### Dataset excerpts
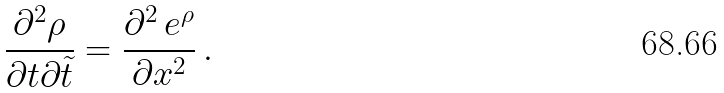<formula> <loc_0><loc_0><loc_500><loc_500>\frac { \partial ^ { 2 } \rho } { \partial t \partial { \tilde { t } } } = \frac { \partial ^ { 2 } \, e ^ { \rho } } { \partial x ^ { 2 } } \, .</formula> 
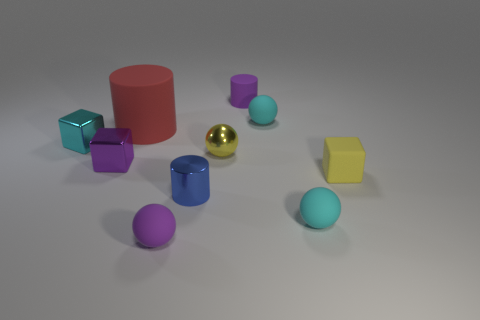There is a tiny matte sphere that is to the left of the tiny matte cylinder; is its color the same as the tiny matte cylinder?
Offer a very short reply. Yes. Are there any other tiny things of the same shape as the yellow shiny thing?
Keep it short and to the point. Yes. There is a cyan object to the left of the purple cylinder; what size is it?
Make the answer very short. Small. There is a purple object that is in front of the tiny yellow rubber cube; is there a small cyan thing that is to the left of it?
Offer a terse response. Yes. Are the cube on the right side of the large red thing and the small purple cube made of the same material?
Keep it short and to the point. No. What number of purple objects are to the right of the small purple shiny cube and in front of the large cylinder?
Provide a succinct answer. 1. How many objects are the same material as the big cylinder?
Offer a very short reply. 5. The cylinder that is made of the same material as the small yellow ball is what color?
Your response must be concise. Blue. Are there fewer purple spheres than small rubber things?
Your response must be concise. Yes. The small yellow object right of the purple matte thing that is right of the sphere that is to the left of the blue object is made of what material?
Give a very brief answer. Rubber.

### WORK REQUEST
What is needed is a word-for-word copy of the data, minus its pictures.

### EXPECTED ANSWER
<formula> <loc_0><loc_0><loc_500><loc_500>\frac { \partial ^ { 2 } \rho } { \partial t \partial { \tilde { t } } } = \frac { \partial ^ { 2 } \, e ^ { \rho } } { \partial x ^ { 2 } } \, .</formula> 
There is a tiny matte sphere that is to the left of the tiny matte cylinder; is its color the same as the tiny matte cylinder?
Offer a very short reply. Yes. Are there any other tiny things of the same shape as the yellow shiny thing?
Keep it short and to the point. Yes. There is a cyan object to the left of the purple cylinder; what size is it?
Make the answer very short. Small. There is a purple object that is in front of the tiny yellow rubber cube; is there a small cyan thing that is to the left of it?
Offer a terse response. Yes. Are the cube on the right side of the large red thing and the small purple cube made of the same material?
Keep it short and to the point. No. What number of purple objects are to the right of the small purple shiny cube and in front of the large cylinder?
Provide a succinct answer. 1. How many objects are the same material as the big cylinder?
Offer a very short reply. 5. The cylinder that is made of the same material as the small yellow ball is what color?
Your response must be concise. Blue. Are there fewer purple spheres than small rubber things?
Your response must be concise. Yes. The small yellow object right of the purple matte thing that is right of the sphere that is to the left of the blue object is made of what material?
Give a very brief answer. Rubber.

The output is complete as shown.